Jan 5, 2009

Welcome to the Year of the Ox

After being up all night on New Year's Eve I boarded a train home to Narita on the morning of the first. It was a mere six hours into the Year of the Ox and car was already crowded. The vehicle only proceeded to get more crowded as the thing went on down the line, accruing bleary-eyed commuters making their way to my suburb.

They were going, of course, to Narita-San, the gigantic temple about a kilometer away from where I'm sitting right now. As one of the largest Buddhist temples in Japan, it is very well-trafficked in January, filling my town with people eager to receive New Year's blessings, get their fortune told, and to go through the rituals surrounding another trip around the sun.

When I got off the train, the normal recorded announcement as to how to get to the airport had been replaced with one welcoming everyone to Narita-San. The crowd got off as one at the station, and all jostled against all. I went back to my apartment, and recovered from the previous night's revelry. A few hours later I got up and joined the crowds. In the dark, the masses had thinned a bit, but were still considerable. A few pictures:

A hawker near the entrance to the temple, yelling out to the crowd about hot hazelnuts and sweet sake. Hazelnuts I've liked for some time, but I tried amazaki, the sweet New Year's variety for the first time yesterday while strolling with a friend. It's much thicker than the normal sort of sake, and somewhat on the lumpy side. Served hot, it makes for an excellent winter drink.

I am a bit unclear as to what, exactly, these things are. I've seen them in several places before, and given that many of them had the kanji for "luck" on them I'd assume that they were some sort of charm or something. Others simply said "Narita-san" on them, and a few bore the kanji for "construction," something that I couldn't really figure out. This was just one of the booths at the base of the temple were all manner of charms, objects, and trinkets were being sold. Not all of them were of traditional or religious nature- there were a number of ball-tossing and air gun games set up as well, which gave the whole place a carnival atmosphere.

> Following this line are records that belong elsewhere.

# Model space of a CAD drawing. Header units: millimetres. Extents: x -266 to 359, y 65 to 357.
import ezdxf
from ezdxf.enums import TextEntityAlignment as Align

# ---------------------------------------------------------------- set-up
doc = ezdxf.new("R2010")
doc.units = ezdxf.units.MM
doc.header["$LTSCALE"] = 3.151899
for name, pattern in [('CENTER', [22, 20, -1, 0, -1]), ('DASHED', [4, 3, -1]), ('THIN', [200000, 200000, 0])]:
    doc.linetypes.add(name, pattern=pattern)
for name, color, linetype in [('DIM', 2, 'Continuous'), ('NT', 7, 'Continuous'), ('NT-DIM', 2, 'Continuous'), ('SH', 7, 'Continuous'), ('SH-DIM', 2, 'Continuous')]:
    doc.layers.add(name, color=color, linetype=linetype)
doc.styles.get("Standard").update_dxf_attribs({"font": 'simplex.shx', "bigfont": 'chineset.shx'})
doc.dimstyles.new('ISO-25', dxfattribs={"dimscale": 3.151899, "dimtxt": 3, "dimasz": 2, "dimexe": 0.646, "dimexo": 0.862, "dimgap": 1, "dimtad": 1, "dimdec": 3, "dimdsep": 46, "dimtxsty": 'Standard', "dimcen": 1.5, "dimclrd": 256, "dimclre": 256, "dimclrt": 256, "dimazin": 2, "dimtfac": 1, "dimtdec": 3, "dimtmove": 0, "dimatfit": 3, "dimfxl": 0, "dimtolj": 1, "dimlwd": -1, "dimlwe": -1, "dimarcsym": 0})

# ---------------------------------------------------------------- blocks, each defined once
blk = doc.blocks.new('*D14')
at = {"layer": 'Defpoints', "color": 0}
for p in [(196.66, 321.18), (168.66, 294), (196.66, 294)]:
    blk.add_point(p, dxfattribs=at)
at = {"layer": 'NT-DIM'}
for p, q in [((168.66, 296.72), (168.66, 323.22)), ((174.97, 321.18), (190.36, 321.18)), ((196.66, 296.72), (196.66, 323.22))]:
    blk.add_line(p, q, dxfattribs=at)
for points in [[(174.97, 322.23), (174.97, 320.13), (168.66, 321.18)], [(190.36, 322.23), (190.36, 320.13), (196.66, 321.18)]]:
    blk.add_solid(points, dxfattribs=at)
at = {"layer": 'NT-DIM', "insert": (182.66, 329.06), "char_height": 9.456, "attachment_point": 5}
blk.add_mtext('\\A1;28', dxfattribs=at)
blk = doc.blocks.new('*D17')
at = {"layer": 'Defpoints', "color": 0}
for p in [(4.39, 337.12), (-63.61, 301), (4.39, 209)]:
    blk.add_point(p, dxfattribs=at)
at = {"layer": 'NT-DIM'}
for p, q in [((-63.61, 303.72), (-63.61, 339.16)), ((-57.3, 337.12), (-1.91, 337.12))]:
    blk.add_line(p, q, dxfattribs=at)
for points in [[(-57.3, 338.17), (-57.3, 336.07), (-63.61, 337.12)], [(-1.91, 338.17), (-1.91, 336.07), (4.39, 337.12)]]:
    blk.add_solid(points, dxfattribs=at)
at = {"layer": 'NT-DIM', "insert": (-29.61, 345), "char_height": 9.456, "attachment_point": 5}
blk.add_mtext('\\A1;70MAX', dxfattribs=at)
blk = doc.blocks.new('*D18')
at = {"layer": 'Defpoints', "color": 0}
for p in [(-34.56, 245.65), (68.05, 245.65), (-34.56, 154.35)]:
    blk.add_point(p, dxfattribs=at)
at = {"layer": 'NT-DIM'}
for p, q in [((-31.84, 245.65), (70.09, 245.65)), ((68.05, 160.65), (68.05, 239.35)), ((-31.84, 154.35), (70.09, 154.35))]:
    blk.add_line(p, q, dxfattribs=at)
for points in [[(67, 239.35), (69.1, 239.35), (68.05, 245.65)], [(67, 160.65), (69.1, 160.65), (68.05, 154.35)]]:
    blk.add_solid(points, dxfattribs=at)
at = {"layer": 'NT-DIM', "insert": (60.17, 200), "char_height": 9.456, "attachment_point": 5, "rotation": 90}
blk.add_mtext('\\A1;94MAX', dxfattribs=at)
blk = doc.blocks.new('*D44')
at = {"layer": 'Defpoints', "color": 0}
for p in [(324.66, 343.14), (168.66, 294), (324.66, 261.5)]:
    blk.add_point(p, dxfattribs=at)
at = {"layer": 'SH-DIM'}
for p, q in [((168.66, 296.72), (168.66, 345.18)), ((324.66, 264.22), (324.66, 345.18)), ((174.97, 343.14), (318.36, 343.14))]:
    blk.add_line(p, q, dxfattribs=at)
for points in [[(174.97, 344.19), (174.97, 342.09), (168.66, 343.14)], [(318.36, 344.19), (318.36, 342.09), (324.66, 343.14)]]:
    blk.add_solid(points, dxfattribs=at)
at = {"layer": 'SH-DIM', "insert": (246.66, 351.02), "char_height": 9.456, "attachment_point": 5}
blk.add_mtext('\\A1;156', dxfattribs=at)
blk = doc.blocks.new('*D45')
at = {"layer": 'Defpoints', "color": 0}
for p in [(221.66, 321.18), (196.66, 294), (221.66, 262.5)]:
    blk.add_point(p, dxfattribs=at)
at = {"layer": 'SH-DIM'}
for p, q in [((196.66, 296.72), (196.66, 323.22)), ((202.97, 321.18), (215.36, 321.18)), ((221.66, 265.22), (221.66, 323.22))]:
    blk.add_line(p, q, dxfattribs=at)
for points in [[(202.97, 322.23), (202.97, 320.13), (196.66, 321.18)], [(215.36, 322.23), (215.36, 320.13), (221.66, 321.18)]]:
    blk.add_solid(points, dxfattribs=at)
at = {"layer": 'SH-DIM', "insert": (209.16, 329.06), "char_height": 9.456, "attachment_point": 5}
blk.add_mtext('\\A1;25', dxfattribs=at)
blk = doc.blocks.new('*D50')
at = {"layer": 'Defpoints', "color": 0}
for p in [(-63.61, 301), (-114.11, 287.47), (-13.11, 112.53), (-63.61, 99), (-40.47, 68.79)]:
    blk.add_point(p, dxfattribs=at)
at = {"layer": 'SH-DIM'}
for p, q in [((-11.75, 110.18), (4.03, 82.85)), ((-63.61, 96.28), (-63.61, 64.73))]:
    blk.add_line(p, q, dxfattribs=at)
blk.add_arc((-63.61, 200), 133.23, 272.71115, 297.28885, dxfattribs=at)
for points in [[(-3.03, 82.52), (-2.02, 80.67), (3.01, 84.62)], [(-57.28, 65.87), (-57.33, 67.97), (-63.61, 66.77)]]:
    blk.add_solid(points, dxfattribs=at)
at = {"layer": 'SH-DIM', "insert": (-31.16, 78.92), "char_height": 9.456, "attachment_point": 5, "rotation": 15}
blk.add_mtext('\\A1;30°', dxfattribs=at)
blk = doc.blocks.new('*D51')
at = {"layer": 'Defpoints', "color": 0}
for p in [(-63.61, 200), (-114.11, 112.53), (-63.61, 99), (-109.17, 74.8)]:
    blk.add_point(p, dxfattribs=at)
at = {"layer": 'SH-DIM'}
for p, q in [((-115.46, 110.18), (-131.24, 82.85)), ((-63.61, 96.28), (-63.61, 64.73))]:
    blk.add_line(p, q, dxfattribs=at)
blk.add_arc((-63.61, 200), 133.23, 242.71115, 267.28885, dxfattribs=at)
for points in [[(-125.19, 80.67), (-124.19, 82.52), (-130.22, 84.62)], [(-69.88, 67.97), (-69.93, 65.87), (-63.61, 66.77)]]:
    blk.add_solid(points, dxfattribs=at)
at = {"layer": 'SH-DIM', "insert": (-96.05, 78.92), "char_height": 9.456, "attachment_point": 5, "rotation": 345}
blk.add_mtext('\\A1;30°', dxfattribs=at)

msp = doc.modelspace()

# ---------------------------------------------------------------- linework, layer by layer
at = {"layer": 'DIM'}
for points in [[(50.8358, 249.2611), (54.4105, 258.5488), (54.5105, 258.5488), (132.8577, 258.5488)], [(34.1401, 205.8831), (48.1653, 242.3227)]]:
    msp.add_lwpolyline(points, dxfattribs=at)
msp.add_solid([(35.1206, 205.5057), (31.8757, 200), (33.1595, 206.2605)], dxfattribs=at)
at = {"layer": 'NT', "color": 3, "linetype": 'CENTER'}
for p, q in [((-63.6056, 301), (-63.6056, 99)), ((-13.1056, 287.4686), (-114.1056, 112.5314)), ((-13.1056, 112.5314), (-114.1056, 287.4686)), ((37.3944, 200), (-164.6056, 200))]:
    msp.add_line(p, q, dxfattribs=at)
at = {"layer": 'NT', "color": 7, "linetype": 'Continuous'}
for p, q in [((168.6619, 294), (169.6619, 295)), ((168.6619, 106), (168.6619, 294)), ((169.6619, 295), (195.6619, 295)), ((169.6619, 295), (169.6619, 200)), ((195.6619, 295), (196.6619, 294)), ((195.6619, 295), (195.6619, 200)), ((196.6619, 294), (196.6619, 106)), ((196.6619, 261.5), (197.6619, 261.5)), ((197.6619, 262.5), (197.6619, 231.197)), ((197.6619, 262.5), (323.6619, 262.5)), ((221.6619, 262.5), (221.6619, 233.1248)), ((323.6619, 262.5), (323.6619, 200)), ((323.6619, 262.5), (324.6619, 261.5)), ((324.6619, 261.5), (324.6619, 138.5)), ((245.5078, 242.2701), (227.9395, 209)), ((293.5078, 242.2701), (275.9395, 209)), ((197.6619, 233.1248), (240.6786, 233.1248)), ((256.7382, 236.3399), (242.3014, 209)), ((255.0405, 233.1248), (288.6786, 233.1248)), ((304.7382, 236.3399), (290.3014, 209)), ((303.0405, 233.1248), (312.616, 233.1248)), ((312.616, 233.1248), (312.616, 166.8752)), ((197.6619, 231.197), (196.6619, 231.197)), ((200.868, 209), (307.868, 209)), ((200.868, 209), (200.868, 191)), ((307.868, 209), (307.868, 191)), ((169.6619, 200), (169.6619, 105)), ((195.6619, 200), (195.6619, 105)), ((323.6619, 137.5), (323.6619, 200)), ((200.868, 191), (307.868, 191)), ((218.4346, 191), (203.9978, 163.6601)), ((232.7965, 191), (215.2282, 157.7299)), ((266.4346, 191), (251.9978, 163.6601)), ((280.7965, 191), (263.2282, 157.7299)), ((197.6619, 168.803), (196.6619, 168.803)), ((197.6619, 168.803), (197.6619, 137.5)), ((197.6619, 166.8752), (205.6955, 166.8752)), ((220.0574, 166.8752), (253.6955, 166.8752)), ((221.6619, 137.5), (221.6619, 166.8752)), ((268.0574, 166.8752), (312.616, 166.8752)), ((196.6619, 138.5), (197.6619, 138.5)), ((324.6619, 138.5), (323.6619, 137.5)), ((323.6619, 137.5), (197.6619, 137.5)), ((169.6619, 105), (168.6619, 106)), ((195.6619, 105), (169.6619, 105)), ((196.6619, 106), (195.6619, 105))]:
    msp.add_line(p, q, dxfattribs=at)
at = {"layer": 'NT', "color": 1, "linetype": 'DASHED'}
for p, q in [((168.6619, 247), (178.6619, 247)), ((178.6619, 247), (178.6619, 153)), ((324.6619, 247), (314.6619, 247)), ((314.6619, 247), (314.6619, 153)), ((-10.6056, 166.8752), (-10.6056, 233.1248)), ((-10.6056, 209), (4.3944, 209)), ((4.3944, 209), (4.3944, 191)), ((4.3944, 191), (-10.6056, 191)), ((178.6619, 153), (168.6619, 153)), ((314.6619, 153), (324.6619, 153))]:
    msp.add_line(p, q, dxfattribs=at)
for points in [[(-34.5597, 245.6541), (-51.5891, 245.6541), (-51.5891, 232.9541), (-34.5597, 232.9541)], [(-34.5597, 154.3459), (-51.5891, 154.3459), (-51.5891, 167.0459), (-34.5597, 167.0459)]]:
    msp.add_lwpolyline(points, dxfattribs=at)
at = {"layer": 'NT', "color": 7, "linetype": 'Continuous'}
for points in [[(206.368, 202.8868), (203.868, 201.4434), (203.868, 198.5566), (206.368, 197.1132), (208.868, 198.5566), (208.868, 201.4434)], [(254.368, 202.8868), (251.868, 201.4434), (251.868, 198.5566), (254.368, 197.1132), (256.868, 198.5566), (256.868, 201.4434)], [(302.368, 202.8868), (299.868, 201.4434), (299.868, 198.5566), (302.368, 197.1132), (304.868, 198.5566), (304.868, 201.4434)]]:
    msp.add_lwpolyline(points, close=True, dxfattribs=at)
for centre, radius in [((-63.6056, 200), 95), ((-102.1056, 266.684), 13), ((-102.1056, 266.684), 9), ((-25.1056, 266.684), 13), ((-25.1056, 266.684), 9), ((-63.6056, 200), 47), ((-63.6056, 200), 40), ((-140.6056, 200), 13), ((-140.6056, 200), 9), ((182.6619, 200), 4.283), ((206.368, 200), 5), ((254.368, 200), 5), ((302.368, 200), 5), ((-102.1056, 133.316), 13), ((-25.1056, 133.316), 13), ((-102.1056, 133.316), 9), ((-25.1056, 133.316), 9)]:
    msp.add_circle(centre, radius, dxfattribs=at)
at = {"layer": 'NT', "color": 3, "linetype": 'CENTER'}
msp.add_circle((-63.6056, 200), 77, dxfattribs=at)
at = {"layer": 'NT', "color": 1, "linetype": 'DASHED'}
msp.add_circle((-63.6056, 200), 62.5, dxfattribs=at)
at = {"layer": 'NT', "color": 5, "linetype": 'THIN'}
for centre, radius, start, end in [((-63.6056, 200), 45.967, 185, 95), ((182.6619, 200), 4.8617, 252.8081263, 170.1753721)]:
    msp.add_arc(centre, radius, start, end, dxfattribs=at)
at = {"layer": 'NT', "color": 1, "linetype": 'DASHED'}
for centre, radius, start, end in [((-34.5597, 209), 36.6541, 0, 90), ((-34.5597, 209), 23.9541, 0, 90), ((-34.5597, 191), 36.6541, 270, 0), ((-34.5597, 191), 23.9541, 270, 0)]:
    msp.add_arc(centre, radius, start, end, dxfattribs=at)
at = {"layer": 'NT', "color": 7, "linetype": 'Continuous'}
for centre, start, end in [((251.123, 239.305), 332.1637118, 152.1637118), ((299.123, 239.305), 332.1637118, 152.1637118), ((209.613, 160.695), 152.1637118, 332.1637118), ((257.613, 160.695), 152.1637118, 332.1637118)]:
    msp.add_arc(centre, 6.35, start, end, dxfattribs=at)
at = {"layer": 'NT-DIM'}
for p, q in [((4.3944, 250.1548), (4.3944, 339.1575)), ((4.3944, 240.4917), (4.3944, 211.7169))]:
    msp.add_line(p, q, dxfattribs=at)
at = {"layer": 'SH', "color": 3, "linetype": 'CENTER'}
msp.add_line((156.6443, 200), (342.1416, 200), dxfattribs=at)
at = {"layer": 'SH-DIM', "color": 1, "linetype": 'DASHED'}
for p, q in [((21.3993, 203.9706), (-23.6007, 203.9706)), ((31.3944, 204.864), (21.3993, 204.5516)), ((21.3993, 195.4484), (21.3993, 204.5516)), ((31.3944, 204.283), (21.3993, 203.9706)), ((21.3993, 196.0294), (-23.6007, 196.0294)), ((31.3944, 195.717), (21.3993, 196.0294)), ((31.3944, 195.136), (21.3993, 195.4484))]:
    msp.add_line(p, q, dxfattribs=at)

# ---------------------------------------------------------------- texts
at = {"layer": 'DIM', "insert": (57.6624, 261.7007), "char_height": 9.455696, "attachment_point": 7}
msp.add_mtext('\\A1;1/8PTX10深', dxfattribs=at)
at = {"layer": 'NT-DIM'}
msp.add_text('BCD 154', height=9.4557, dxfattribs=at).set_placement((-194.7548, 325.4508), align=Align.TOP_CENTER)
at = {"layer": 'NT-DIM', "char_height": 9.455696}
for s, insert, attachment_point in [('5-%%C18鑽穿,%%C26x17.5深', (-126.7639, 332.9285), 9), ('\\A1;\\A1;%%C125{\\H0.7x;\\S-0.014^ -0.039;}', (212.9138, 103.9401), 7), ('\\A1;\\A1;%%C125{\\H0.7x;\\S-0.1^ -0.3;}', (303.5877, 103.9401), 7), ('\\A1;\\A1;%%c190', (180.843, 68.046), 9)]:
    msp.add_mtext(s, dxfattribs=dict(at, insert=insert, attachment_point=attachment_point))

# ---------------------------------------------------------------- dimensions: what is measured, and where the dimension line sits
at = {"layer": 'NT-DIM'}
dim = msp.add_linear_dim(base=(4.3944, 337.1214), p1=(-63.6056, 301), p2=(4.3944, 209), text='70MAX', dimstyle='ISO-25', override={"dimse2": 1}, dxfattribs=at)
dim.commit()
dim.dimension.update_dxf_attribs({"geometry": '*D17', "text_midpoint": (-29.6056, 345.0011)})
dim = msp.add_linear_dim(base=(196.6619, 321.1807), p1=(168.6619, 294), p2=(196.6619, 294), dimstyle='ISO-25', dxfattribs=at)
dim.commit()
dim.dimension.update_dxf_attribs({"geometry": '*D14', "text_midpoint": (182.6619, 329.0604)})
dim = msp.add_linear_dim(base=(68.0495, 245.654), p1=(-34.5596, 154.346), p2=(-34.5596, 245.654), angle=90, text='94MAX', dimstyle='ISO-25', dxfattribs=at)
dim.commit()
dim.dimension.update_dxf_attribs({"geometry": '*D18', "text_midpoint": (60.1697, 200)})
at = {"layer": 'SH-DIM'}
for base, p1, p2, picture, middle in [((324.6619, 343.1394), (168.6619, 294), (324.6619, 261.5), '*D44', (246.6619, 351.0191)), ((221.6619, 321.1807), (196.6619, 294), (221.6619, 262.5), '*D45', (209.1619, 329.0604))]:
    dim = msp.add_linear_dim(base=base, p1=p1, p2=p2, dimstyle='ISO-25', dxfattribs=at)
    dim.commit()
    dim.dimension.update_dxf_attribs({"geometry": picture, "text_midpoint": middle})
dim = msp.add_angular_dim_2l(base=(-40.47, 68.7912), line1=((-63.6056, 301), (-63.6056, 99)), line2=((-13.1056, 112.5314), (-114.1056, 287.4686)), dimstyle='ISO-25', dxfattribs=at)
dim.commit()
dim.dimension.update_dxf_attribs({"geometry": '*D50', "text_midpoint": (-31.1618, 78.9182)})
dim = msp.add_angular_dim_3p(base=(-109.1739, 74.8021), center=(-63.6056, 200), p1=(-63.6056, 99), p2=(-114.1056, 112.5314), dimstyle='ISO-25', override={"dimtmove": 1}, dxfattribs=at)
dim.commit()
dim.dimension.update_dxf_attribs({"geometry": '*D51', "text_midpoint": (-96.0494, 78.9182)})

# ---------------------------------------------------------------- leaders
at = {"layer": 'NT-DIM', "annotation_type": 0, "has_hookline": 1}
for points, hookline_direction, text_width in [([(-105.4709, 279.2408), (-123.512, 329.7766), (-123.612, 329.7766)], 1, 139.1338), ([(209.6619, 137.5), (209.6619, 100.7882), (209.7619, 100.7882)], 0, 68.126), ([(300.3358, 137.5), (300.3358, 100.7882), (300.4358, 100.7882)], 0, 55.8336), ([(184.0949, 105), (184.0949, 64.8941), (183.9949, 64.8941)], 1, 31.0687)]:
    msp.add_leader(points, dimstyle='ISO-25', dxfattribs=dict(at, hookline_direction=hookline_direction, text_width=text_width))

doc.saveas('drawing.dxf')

The main building of the temple. I've been here a number of times, but mostly at night when it's completely empty, so it was a bit curious seeing the whole place filled with people. Another thing that was new for me, though, was that the main sanctuary was open. I'd only been into the antechamber from which one can view the inner room from behind a glass partition, I'd never gone in the main room of the temple. It was open, though, and filled with people so I thought "What the hell. Why not." So, I took of my shoes and went in.

At first I was a bit self-conscious about it. I was, after all, a foreigner who was not culturally or religiously affiliated with the place. I was also the only foreigner inside the sanctuary, and wondered if I was unconsciously doing something improper or disrespectful. However, I was able to beat such misgivings into submission and sat on the floor and took in the atmosphere of the place. People were sitting silently before the altar which was laden with candles. Incense burned in a few braziers and behind me several people were tossing five yen coins into the offering box and clapping as they made prayers for the New Year.

I stayed there for about half an hour, and did my best to meditate in my own unsupernatural way. Since reading a few sutras, I've actually come to respect Siddhartha Guatauma as a philosopher in much the same way that I've respect, say, Socrates- smart guy, brilliant for his era, and wrong about 30% of the time. But, that's another blog post.

After walking through the temple complex a bit I went back to Narita's main street, and the eel guys were out. Eel, for some reason, is the regional specialty of Narita, because here in Japan absolutely everything has to have a regional specialty. At this particular restaurant, the eel preparation is something of a street performance, and a bloody and smoky one at that. At a table on the street, two guys were grabbing live eels from a bucket of water, driving nails through their heads, and then splitting them open and pulling out their spines and guts in front of appreciative onlookers. Quite captivating to watch actually. The eels are grilled and served right there, at the apogee of freshness.

When I first saw this, I thought about how such a show wouldn't really go over so well in America. Americans (at least liberal city-dwellers such as myself) can be distressingly alienated from the meat they eat. Meat doesn't come from the insides of animals- it comes from packages and cans. A friend of mine even insisted on sitting with her back to the fish tank at a sushi bar once, as she didn't want to be reminded of where her meal came from.

Japan doesn't seem to suffer nearly as badly from this alienation, and I think that's a good thing. The New Year's crowd didn't seem repulsed or put off by the eel guys, at least not that I could tell. Instead, they eagerly bought up freshly grilled sea beasts, with appreciative exclamations of "oishii!"

Lanterns glowing on the main street. The shops and restaurants, even as they were closing, still bustled with visitors. And they're still bustling. I was out again yesterday in the daylight and the whole place hummed. Narita, yes, is always a bit active, what with the airport and all the tourists. But, it's nice to see it buzzing in a different manner. So far, the Year of the Ox is off to a good start.